O frabjous day, the Brown Thrashers have arrived, nearly ten days earlier than last year! What a joyful surprise on this calm and sunny morning here in upstate New York … a truly welcome sign that spring is blossoming according to plan, and that Old Man Winter has lost his grip and will soon fade away.
At dawn, I arrived at nearby Finger Lakes National Forest. I checked out several locations and heard a number of the usual birds of early spring: song sparrows, cardinals, red-wingeds, grackles, flickers, sapsuckers, and a killdeer or two. My expectations of finding something new were low, but when I got out of my car at Willow Pond (a favorite spot), I immediately heard a familiar and treasured voice … that of a Brown Thrasher, energetically singing its doublet phrases from high in a maple tree.
With considerable pleasure and excitement, I gathered two recordings. One features me briefly chatting about the experience, with the thrasher singing in the background and water gurgling in the ditch next to the road. The other is a closer and cleaner portrait of the singer, with less water sounds. You will hear both recordings above, presented in sequence.
After finishing my recordings, I explored the area and soon found two more singing males … proof that a wave of males have arrived and are busy setting up their territories. How delighted I am. My next project will be to capture them singing in super high-definition video. I sure hope I can find a friendly singer who will allow me to get close enough for good results!

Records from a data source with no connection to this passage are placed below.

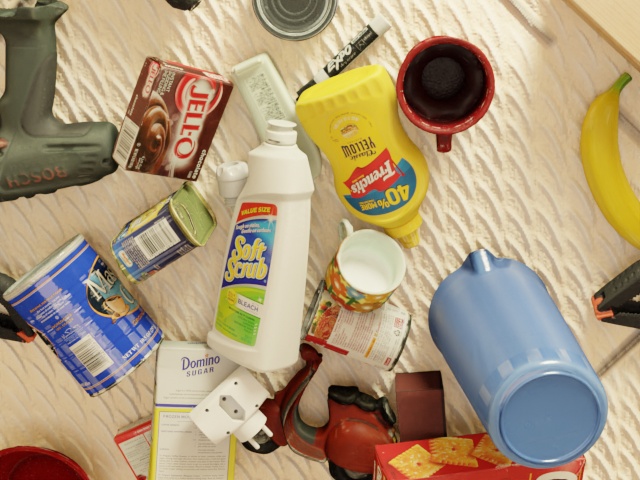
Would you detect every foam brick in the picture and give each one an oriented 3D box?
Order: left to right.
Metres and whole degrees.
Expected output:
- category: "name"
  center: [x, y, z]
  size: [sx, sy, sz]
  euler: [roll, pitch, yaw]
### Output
- category: "foam brick"
  center: [0.109, 0.187, 1.157]
  size: [0.051, 0.053, 0.078]
  euler: [-5, 105, 4]

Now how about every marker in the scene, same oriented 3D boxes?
- category: "marker"
  center: [0.021, -0.179, 1.069]
  size: [0.121, 0.020, 0.020]
  euler: [-42, 100, 13]

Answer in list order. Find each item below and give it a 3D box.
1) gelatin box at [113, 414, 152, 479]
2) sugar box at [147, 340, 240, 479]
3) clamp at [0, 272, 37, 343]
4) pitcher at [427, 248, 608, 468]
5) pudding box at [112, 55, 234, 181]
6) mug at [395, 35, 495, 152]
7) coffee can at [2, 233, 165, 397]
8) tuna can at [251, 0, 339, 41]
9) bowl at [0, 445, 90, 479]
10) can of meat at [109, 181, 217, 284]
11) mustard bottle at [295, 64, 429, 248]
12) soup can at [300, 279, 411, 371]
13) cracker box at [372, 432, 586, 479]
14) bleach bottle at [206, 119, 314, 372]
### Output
- category: "gelatin box"
  center: [-0.178, 0.240, 1.200]
  size: [0.073, 0.030, 0.089]
  euler: [-25, 103, 8]
- category: "sugar box"
  center: [-0.137, 0.198, 1.156]
  size: [0.093, 0.048, 0.176]
  euler: [4, 93, -13]
- category: "clamp"
  center: [-0.382, 0.055, 1.152]
  size: [0.120, 0.039, 0.171]
  euler: [-33, 105, 31]
- category: "pitcher"
  center: [0.192, 0.125, 1.035]
  size: [0.149, 0.243, 0.145]
  euler: [30, 104, -13]
- category: "pudding box"
  center: [-0.147, -0.120, 1.063]
  size: [0.089, 0.039, 0.114]
  euler: [8, 115, -42]
- category: "mug"
  center: [0.120, -0.144, 1.042]
  size: [0.093, 0.081, 0.117]
  euler: [-4, 106, 4]
- category: "coffee can"
  center: [-0.246, 0.078, 1.117]
  size: [0.103, 0.103, 0.140]
  euler: [-36, 102, 12]
- category: "tuna can"
  center: [-0.025, -0.239, 1.046]
  size: [0.086, 0.033, 0.086]
  euler: [1, 107, 3]
- category: "bowl"
  center: [-0.320, 0.295, 1.211]
  size: [0.162, 0.055, 0.162]
  euler: [1, 107, 3]
- category: "can of meat"
  center: [-0.161, -0.007, 1.089]
  size: [0.084, 0.102, 0.057]
  euler: [-31, 103, 13]
- category: "mustard bottle"
  center: [0.055, -0.074, 1.071]
  size: [0.096, 0.058, 0.191]
  euler: [-18, 115, 21]
- category: "soup can"
  center: [0.037, 0.090, 1.124]
  size: [0.102, 0.068, 0.068]
  euler: [21, 107, -4]
- category: "cracker box"
  center: [0.163, 0.289, 1.137]
  size: [0.213, 0.072, 0.164]
  euler: [-4, 118, -10]
- category: "bleach bottle"
  center: [-0.057, 0.001, 1.083]
  size: [0.103, 0.067, 0.251]
  euler: [23, 114, 41]
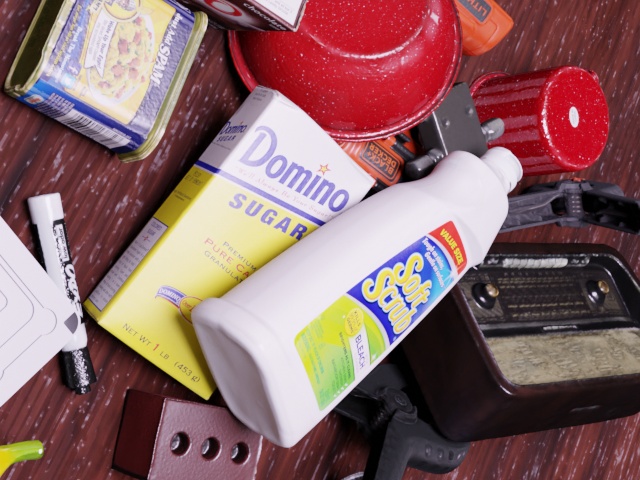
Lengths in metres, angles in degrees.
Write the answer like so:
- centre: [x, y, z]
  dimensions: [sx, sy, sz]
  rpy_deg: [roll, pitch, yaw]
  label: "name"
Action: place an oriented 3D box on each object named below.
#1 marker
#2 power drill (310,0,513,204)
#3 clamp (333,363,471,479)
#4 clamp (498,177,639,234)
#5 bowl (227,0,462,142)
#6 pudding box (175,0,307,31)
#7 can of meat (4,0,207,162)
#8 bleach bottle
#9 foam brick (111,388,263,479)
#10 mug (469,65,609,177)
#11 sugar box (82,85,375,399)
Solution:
- centre: [-0.153, 0.033, 0.633]
  dimensions: [0.020, 0.020, 0.121]
  rpy_deg: [-15, 98, -36]
  label: "marker"
- centre: [0.074, -0.101, 0.781]
  dimensions: [0.184, 0.057, 0.187]
  rpy_deg: [35, 69, -31]
  label: "power drill"
- centre: [0.047, 0.128, 0.723]
  dimensions: [0.209, 0.165, 0.036]
  rpy_deg: [14, 120, -43]
  label: "clamp"
- centre: [0.206, -0.027, 0.834]
  dimensions: [0.171, 0.120, 0.039]
  rpy_deg: [-24, 120, -62]
  label: "clamp"
- centre: [0.021, -0.148, 0.697]
  dimensions: [0.162, 0.055, 0.162]
  rpy_deg: [2, 73, -7]
  label: "bowl"
- centre: [-0.074, -0.165, 0.633]
  dimensions: [0.113, 0.090, 0.039]
  rpy_deg: [24, 86, -38]
  label: "pudding box"
- centre: [-0.127, -0.110, 0.633]
  dimensions: [0.083, 0.058, 0.102]
  rpy_deg: [29, 73, -31]
  label: "can of meat"
- centre: [0.039, 0.012, 0.666]
  dimensions: [0.250, 0.068, 0.102]
  rpy_deg: [-40, 133, -28]
  label: "bleach bottle"
- centre: [-0.081, 0.126, 0.665]
  dimensions: [0.078, 0.051, 0.053]
  rpy_deg: [17, 80, -36]
  label: "foam brick"
- centre: [0.178, -0.099, 0.844]
  dimensions: [0.117, 0.082, 0.093]
  rpy_deg: [-43, 113, -29]
  label: "mug"
- centre: [-0.054, 0.001, 0.663]
  dimensions: [0.093, 0.048, 0.176]
  rpy_deg: [40, 86, -29]
  label: "sugar box"
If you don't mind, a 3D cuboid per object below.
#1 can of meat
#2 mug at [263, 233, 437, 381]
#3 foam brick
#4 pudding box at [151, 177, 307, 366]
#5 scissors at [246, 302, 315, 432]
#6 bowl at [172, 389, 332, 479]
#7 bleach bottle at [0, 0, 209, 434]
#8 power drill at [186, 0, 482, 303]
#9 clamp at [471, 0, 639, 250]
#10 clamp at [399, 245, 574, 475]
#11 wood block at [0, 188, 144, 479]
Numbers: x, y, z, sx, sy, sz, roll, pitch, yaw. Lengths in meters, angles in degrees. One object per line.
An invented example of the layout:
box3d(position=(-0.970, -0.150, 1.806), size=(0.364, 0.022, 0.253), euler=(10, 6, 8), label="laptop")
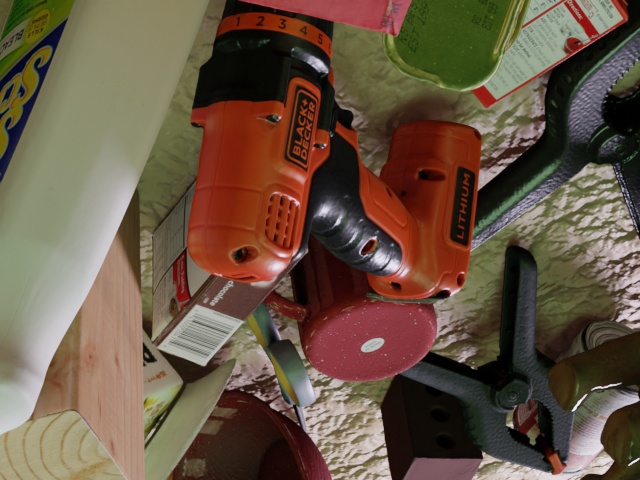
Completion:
box3d(position=(0.067, -0.122, 0.465), size=(0.057, 0.083, 0.102), euler=(19, 115, 7), label="can of meat")
box3d(position=(0.014, 0.029, 0.643), size=(0.117, 0.081, 0.093), euler=(13, 133, -23), label="mug")
box3d(position=(0.079, 0.139, 0.776), size=(0.053, 0.078, 0.051), euler=(5, 137, -15), label="foam brick")
box3d(position=(-0.054, 0.001, 0.596), size=(0.039, 0.090, 0.114), euler=(23, 129, -28), label="pudding box")
box3d(position=(-0.029, 0.084, 0.731), size=(0.016, 0.096, 0.202), euler=(-27, 169, -9), label="scissors")
box3d(position=(-0.039, 0.186, 0.759), size=(0.055, 0.162, 0.162), euler=(2, 140, -41), label="bowl")
box3d(position=(-0.112, -0.022, 0.433), size=(0.103, 0.250, 0.068), euler=(-14, 144, 44), label="bleach bottle")
box3d(position=(0.013, -0.054, 0.524), size=(0.057, 0.184, 0.187), euler=(1, 165, 37), label="power drill")
box3d(position=(0.170, -0.058, 0.611), size=(0.164, 0.036, 0.210), euler=(3, 133, -24), label="clamp")
box3d(position=(0.128, 0.086, 0.719), size=(0.120, 0.039, 0.171), euler=(-39, 116, 11), label="clamp")
box3d(position=(-0.143, 0.032, 0.528), size=(0.091, 0.206, 0.090), euler=(-14, 137, 4), label="wood block")
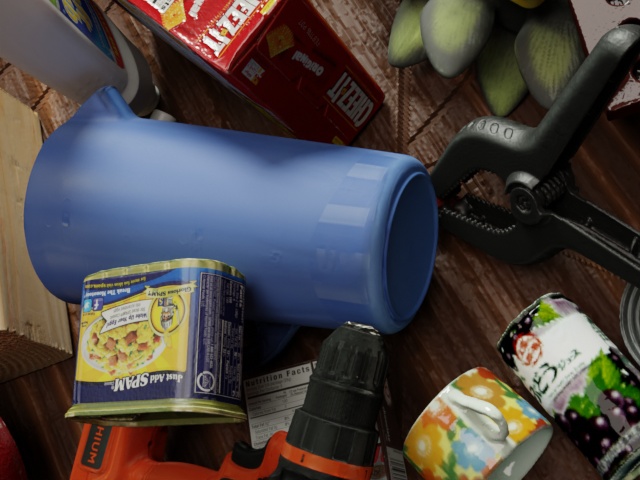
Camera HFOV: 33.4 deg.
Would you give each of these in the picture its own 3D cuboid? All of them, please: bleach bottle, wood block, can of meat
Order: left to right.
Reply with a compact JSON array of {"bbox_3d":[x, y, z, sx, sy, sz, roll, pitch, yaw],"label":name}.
[{"bbox_3d":[-0.255,-0.006,0.786,0.091,0.090,0.206,-21,66,15],"label":"wood block"},{"bbox_3d":[-0.185,-0.151,0.712,0.068,0.250,0.102,-30,65,11],"label":"bleach bottle"},{"bbox_3d":[-0.091,0.060,0.601,0.102,0.057,0.084,-8,72,29],"label":"can of meat"}]

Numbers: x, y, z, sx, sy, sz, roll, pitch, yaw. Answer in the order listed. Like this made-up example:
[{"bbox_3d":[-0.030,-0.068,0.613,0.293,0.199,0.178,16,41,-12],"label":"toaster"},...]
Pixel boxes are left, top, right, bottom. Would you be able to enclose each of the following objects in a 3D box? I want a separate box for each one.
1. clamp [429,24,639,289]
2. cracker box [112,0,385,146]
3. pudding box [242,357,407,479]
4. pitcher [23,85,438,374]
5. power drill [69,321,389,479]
[{"bbox_3d":[0.134,-0.021,0.610,0.036,0.210,0.164,-31,99,-30],"label":"clamp"},{"bbox_3d":[-0.074,-0.156,0.717,0.214,0.164,0.072,39,92,28],"label":"cracker box"},{"bbox_3d":[0.003,0.130,0.664,0.090,0.039,0.113,-17,65,18],"label":"pudding box"},{"bbox_3d":[-0.054,0.001,0.681,0.243,0.149,0.145,7,58,25],"label":"pitcher"},{"bbox_3d":[-0.055,0.122,0.629,0.188,0.057,0.184,13,84,35],"label":"power drill"}]
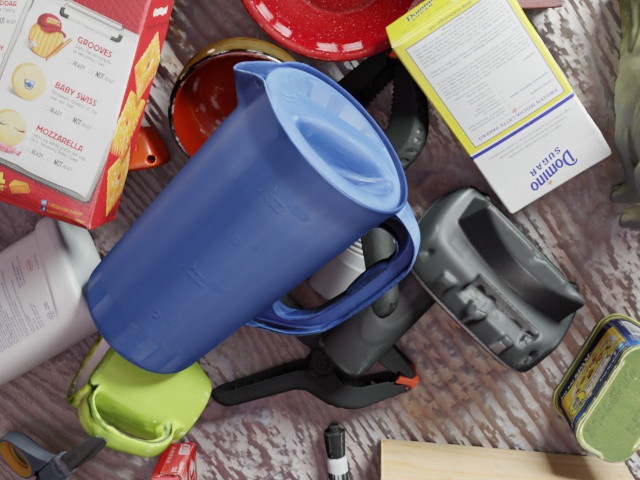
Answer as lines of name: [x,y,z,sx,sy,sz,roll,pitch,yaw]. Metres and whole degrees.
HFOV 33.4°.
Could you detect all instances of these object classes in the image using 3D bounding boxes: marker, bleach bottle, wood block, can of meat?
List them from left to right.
bleach bottle: [-0.294,0.079,0.880,0.251,0.068,0.102,-28,74,13]
marker: [0.017,0.215,0.917,0.020,0.020,0.121,-5,101,4]
wood block: [0.149,0.228,0.878,0.206,0.090,0.091,4,101,2]
can of meat: [0.237,0.118,0.854,0.057,0.084,0.102,29,101,-3]

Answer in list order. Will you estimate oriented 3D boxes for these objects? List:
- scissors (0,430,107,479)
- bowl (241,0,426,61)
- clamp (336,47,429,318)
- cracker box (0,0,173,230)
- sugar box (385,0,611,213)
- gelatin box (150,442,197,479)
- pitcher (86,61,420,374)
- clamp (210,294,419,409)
scissors: [-0.221,0.170,0.864,0.096,0.016,0.202,44,141,12]
bowl: [0.014,-0.218,0.813,0.162,0.055,0.162,1,101,3]
clamp: [0.033,-0.053,0.828,0.165,0.036,0.210,34,97,29]
cracker box: [-0.206,-0.134,0.776,0.164,0.072,0.214,18,100,4]
sugar box: [0.136,-0.112,0.803,0.093,0.048,0.176,-31,121,15]
gelatin box: [-0.121,0.224,0.898,0.030,0.073,0.089,-1,100,2]
pitcher: [-0.055,0.001,0.785,0.243,0.144,0.149,-41,55,28]
clamp: [-0.007,0.104,0.887,0.171,0.039,0.120,22,111,-3]
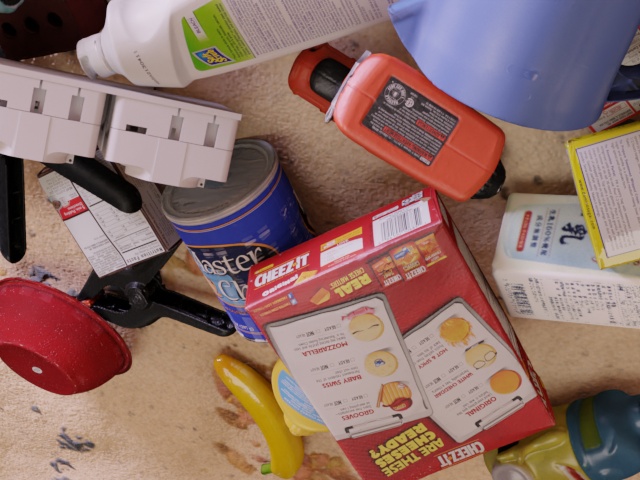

You may ask: “How does one recognize the song of the Brown Thrasher?” Well, the giveaway is that he “tends” to repeat each of his highly variable song phrases twice in a row before moving on to the next. In contrast, his cousin, the similar-sounding Northern Mockingbird, generally repeats phrases three or more times before moving on.
The thrasher’s notes are loud and musical, and you can hear a male singing from hundreds of feet away. Of considerable interest to biologists is that each male has a repertoire of over a thousand different song phrases, an enormous pool of sound to draw from as he sings.
Let us celebrate the Brown Thrasher, the bird that chants in doublets and who always has something new to say!
NOTE: As I listen to this thrasher, I notice that many of his phrases are not repeated twice. But many others are. Be aware that the “doublet” repetition is not a 100% thing. Nonetheless, and in spite of this singer drifting from the doublet pattern, his song is still easily recognized as that of a Brown Thrasher … why it’s just clear as a bell, and there’s no two ways about it, I would even venture to say!
p.s. the tapping sounds are from a Downy Woodpecker, looking for food on nearby limbs.